Boomtown Fair is a four-day festival based in Hampshire, UK, and is often referred to as one of the best festivals in the country. An event renowned for pushing genres less commercialised such as drum and bass, gypsy swing, ska and reggae, Boomtown is quite literally a town divided into different districts. Some of the notable areas within Boomtown include ChinaTown, The Wild West, and an all-new bass orientated Sector 6. Boomtown Fair takes place every year, around the beginning to middle of August, and tickets can be yours for £180.

For me personally, and I’m sure for others out there too, the process of getting to a festival is key, and does have some influence on your overall experience. With that in mind, Boomtown has a lot to improve on. Starting with a three hour queue for a shuttle bus, we then had to queue for four more hours, to then be told we were at the wrong gate, even though we had followed the sign’s instructions. We then had to walk all the way to the other side of the festival, nobody knew where anything was, no staff knew where we were supposed to be going, nobody was able to point us in the right direction, and there were no signage, maps or directions. We were turned away from some entrances, told we needed to go back to where we began, then there were issues with our wristbands, it really was a travesty of an experience. In total, it took eight hours to finally get into the festival.
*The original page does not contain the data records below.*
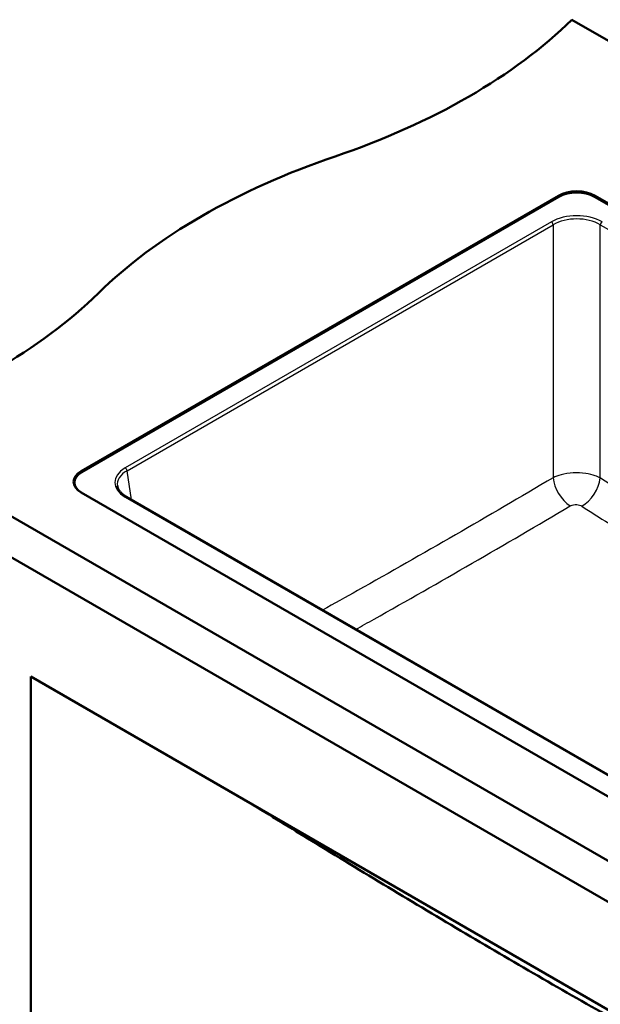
# Model space of a CAD drawing. Header units: millimetres. Extents: x 100 to 2000, y 93 to 2870.
# Tile 4 of 9: x 812 to 1158, y 1413 to 2001. Entities that reach past the tile are written whole.
import ezdxf

# ---------------------------------------------------------------- set-up
doc = ezdxf.new("R2010")
doc.units = ezdxf.units.MM
doc.header["$LTSCALE"] = 10
doc.layers.add('Visible Edges(ISO)', color=7, linetype='Continuous', lineweight=50)
doc.layers.add('Visible Tangent Edges(ISO)', color=7, linetype='Continuous', lineweight=25)

msp = doc.modelspace()

# ---------------------------------------------------------------- linework, layer by layer
at = {"layer": 'Visible Edges(ISO)'}
for p, q in [((1141.5, 2001.34), (1390.65, 1857.5)), ((848.41, 1731.69), (1133.37, 1896.21)), ((1133.73, 1895.6), (848.76, 1731.08)), ((1275.34, 1826.09), (1154.94, 1895.6)), ((1155.29, 1896.21), (1275.89, 1826.59)), ((717.24, 1756.39), (1424.35, 1348.14)), ((1424.35, 1323.65), (717.24, 1731.89)), ((844.37, 1723.11), (844.37, 1724.95)), ((1359.65, 1423.87), (848.41, 1719.03)), ((1356.21, 1438.71), (875.44, 1716.28)), ((818.36, 1609.01), (1357.17, 1297.93)), ((818.36, 1084), (818.36, 1609.01))]:
    msp.add_line(p, q, dxfattribs=at)
for centre, major_axis, start_param, end_param in [((796.93, 2118.63), (-400, 0), 2.103514, 2.608875), ((1203.23, 1720.75), (-400, 0), 5.245107, 5.750467), ((1144.33, 1889.89), (15.5, 0), 0.785398, 2.356194), ((1144.33, 1889.48), (-15, 0), 3.926991, 5.497787), ((514.09, 1955.33), (-400, 0), 2.103514, 2.608875), ((859.37, 1725.36), (-15.5, 0), 5.497787, 7.068583), ((859.37, 1724.95), (-15, 0), 5.497787, 7.068583)]:
    msp.add_ellipse(centre, major_axis=major_axis, ratio=0.57735, start_param=start_param, end_param=end_param, dxfattribs=at)
for points, knots in [([(869.97, 1722.88), (870.04, 1722.43), (870.16, 1721.97), (870.53, 1721.05), (870.77, 1720.59), (871.38, 1719.68), (871.75, 1719.22), (872.6, 1718.33), (873.09, 1717.9), (874.18, 1717.06), (874.79, 1716.66), (875.44, 1716.28)], [0.0866094, 0.0866094, 0.0866094, 0.0866094, 0.2256075, 0.2256075, 0.3646057, 0.3646057, 0.5036038, 0.5036038, 0.6426019, 0.6426019, 0.7816001, 0.7816001, 0.7816001, 0.7816001]), ([(1302.15, 1329.69), (1289.85, 1336.32), (1277.53, 1342.98), (1234.59, 1366.32), (1203.92, 1383.2), (1142.45, 1417.85), (1111.65, 1435.63), (1050.05, 1472.04), (1019.25, 1490.65), (976.07, 1517.03), (963.68, 1524.63), (951.29, 1532.26)], [7.774683, 7.774683, 7.774683, 7.774683, 13.007677, 13.007677, 26.015354, 26.015354, 39.023031, 39.023031, 52.030708, 52.030708, 57.266525, 57.266525, 57.266525, 57.266525])]:
    msp.add_open_spline(points, degree=3, knots=knots, dxfattribs=at)
at = {"layer": 'Visible Tangent Edges(ISO)'}
for p, q in [((1133.37, 1896.21), (1133.37, 1895.4)), ((1155.29, 1896.21), (1155.29, 1895.4)), ((1129.19, 1880.63), (874.69, 1733.7)), ((875.75, 1731.97), (1130.24, 1878.9)), ((1130.24, 1878.9), (1130.24, 1727.81)), ((1158.42, 1727.64), (1158.42, 1878.9)), ((1158.42, 1878.9), (1274.78, 1811.73)), ((848.41, 1731.69), (848.41, 1730.87)), ((878.38, 1714.59), (875.75, 1731.97)), ((874.69, 1716.21), (1355.46, 1438.64))]:
    msp.add_line(p, q, dxfattribs=at)
for centre, major_axis, ratio, start_param, end_param in [((1144.33, 1871.75), (-21.5, 0), 0.581753, 3.930789, 5.493989), ((1144.33, 1870.53), (20, 0), 0.58993, 0.789196, 2.352396), ((1129.19, 1879.41), (0.75, -1.3), 0.57735, 0.872665, 2.356194), ((1159.48, 1879.41), (-0.75, -1.3), 0.57735, 3.926991, 5.410521), ((890.07, 1724.95), (-21.66, 0), 0.572981, 5.501585, 7.064785), ((890.07, 1723.73), (-20.17, 0.22), 0.572287, 5.507929, 6.376138), ((874.69, 1732.47), (0.75, -1.3), 0.57735, 0.872665, 2.356194), ((1140.81, 1722.77), (7.65, -12.9), 0.570658, 4.007477, 5.440181), ((1147.85, 1722.61), (-8.1, -12.63), 0.549924, 0.825035, 2.295228), ((874.69, 1714.99), (0.75, 1.3), 0.57735, 0, 0.785398)]:
    msp.add_ellipse(centre, major_axis=major_axis, ratio=ratio, start_param=start_param, end_param=end_param, dxfattribs=at)
for points, knots in [([(1158.42, 1727.64), (1157.5, 1728.11), (1156.48, 1728.54), (1153.66, 1729.51), (1151.74, 1729.98), (1147.3, 1730.63), (1144.74, 1730.76), (1139.69, 1730.52), (1137.2, 1730.14), (1133.22, 1729.09), (1131.63, 1728.5), (1130.24, 1727.81)], [0, 0, 0, 0, 0.0984557, 0.0984557, 0.2559848, 0.2559848, 0.445099, 0.445099, 0.6367252, 0.6367252, 0.7838169, 0.7838169, 0.7838169, 0.7838169]), ([(1130.24, 1727.81), (1110.79, 1716.27), (1091.33, 1704.87), (1052.37, 1682.39), (1032.88, 1671.31), (1006.42, 1656.46), (999.46, 1652.57), (992.5, 1648.7)], [-33.052734, -33.052734, -33.052734, -33.052734, -24.789551, -24.789551, -16.526367, -16.526367, -13.576032, -13.576032, -13.576032, -13.576032]), ([(1516.48, 1514.62), (1509, 1518.5), (1501.52, 1522.38), (1479.62, 1533.77), (1465.2, 1541.31), (1439.94, 1554.69), (1429.09, 1560.5), (1407.98, 1572.05), (1397.71, 1577.8), (1378.98, 1588.62), (1370.51, 1593.63), (1353.6, 1603.83), (1345.15, 1609.01), (1321.01, 1623.98), (1305.33, 1633.87), (1275.88, 1652.54), (1262.11, 1661.3), (1228.99, 1682.43), (1209.65, 1694.81), (1179.68, 1714.01), (1169.05, 1720.82), (1158.42, 1727.64)], [-50.740884, -50.740884, -50.740884, -50.740884, -47.577055, -47.577055, -41.47574, -41.47574, -36.886509, -36.886509, -32.534723, -32.534723, -28.939338, -28.939338, -25.343952, -25.343952, -18.660477, -18.660477, -12.787686, -12.787686, -4.53549, -4.53549, 0, 0, 0, 0]), ([(1140.4, 1710.93), (1140.75, 1711.14), (1141.15, 1711.31), (1142.15, 1711.62), (1142.77, 1711.72), (1144.04, 1711.77), (1144.68, 1711.73), (1145.79, 1711.51), (1146.27, 1711.36), (1146.98, 1711.05), (1147.23, 1710.92), (1147.46, 1710.77)], [-0.7838169, -0.7838169, -0.7838169, -0.7838169, -0.6367252, -0.6367252, -0.445099, -0.445099, -0.2559848, -0.2559848, -0.0984557, -0.0984557, 0, 0, 0, 0]), ([(1012.38, 1637.22), (1016.01, 1639.26), (1019.64, 1641.29), (1042.81, 1654.3), (1062.33, 1665.42), (1101.38, 1687.95), (1120.9, 1699.37), (1140.4, 1710.93)], [14.98879, 14.98879, 14.98879, 14.98879, 16.526367, 16.526367, 24.789551, 24.789551, 33.052734, 33.052734, 33.052734, 33.052734]), ([(1147.46, 1710.77), (1158.1, 1703.95), (1168.74, 1697.14), (1198.74, 1677.95), (1218.1, 1665.58), (1251.28, 1644.47), (1265.08, 1635.71), (1294.63, 1617.06), (1310.39, 1607.18), (1334.71, 1592.2), (1343.24, 1587), (1360.33, 1576.76), (1368.89, 1571.72), (1387.79, 1560.8), (1398.13, 1554.99), (1419.31, 1543.31), (1430.16, 1537.46), (1455.41, 1523.98), (1469.82, 1516.41), (1488.14, 1506.84), (1492.05, 1504.81), (1495.96, 1502.77)], [0, 0, 0, 0, 4.53549, 4.53549, 12.787686, 12.787686, 18.660477, 18.660477, 25.343952, 25.343952, 28.939338, 28.939338, 32.534723, 32.534723, 36.886509, 36.886509, 41.47574, 41.47574, 47.577055, 47.577055, 49.23111, 49.23111, 49.23111, 49.23111])]:
    msp.add_open_spline(points, degree=3, knots=knots, dxfattribs=at)

doc.saveas('drawing.dxf')

A few more hours had passed- I’d had a beer, the tent was pitched, and finally, finally I was able to experience Boomtown. And all my gripes and complaints then disappeared, Boomtown really is as good as everyone says it is.

I’ve simply never seen more of a visual spectacle, never seen so much effort put into the execution of anything quite as intoxicating as Boomtown.The stages themselves, huge in stature, and awe-inspiring in status, are simply incredible, from the rusted and weathered Old Mines which chugs along as you’d expect a real one to, to the towering and neon-coated Palace, which features two huge propaganda-ready screens, and every colour you can imagine.

Which brings me to one of Boomtown’s many highlights- its story, which I didn’t even know existed until a month before I went. Since when the festival began back in 2009, there’s been an ever-progressing storyline centered around the elusive glorious leader Jose and her ruling policies. In 2016, the townsfolk (you the attendee) have had enough and some are revolting and taking back Boomtown in rebellious and politically-relevant fashion.


One of the most memorable moments of the festival was on Friday night, a performance that incorporated everything a show can offer- danceable music, singable music, a dance-off, a rap battle, an acrobatics display, and acting. In what was tipped as the ‘Hunger Games of Boomtown’, four rival gangs were battling for a place of survival in a fiercely strict regime, with the fearless leader Jose deciding the winner. The gangs sang, danced, climbed up and down ropes, danced around with hula-hoops, rode BMXs, all orchestrated by one of Jose’s loveable bumbling henchman, who actually turned out to be a talented MC.

Boomtown is simply impossible to summarise and celebrate enough in one review, it’s one of the best festivals I’ve ever been to. It has some issues- staff are pretty much useless, without buying a programme you cannot plan your weekend at all, the stages are notably quiet (council’s fault not Boomtown’s in all fairness), but the thought, execution and vibe are simply untouchable in a hotly competitive market. For a weekend of true and monumental escapism from reality, through a journey of art, drama and music, Boomtown is the essential UK event.

The Good
+ Visuals
+ Engrossing storyline
+ Execution
+ Diversity of music and people
+ Vibe
+ The crowd
+ So much to do and see

The Bad
– Entry
– Staff are near-useless
– Being forced into buying programme
– Quiet stages (not Boomtown’s fault, but still frustrating)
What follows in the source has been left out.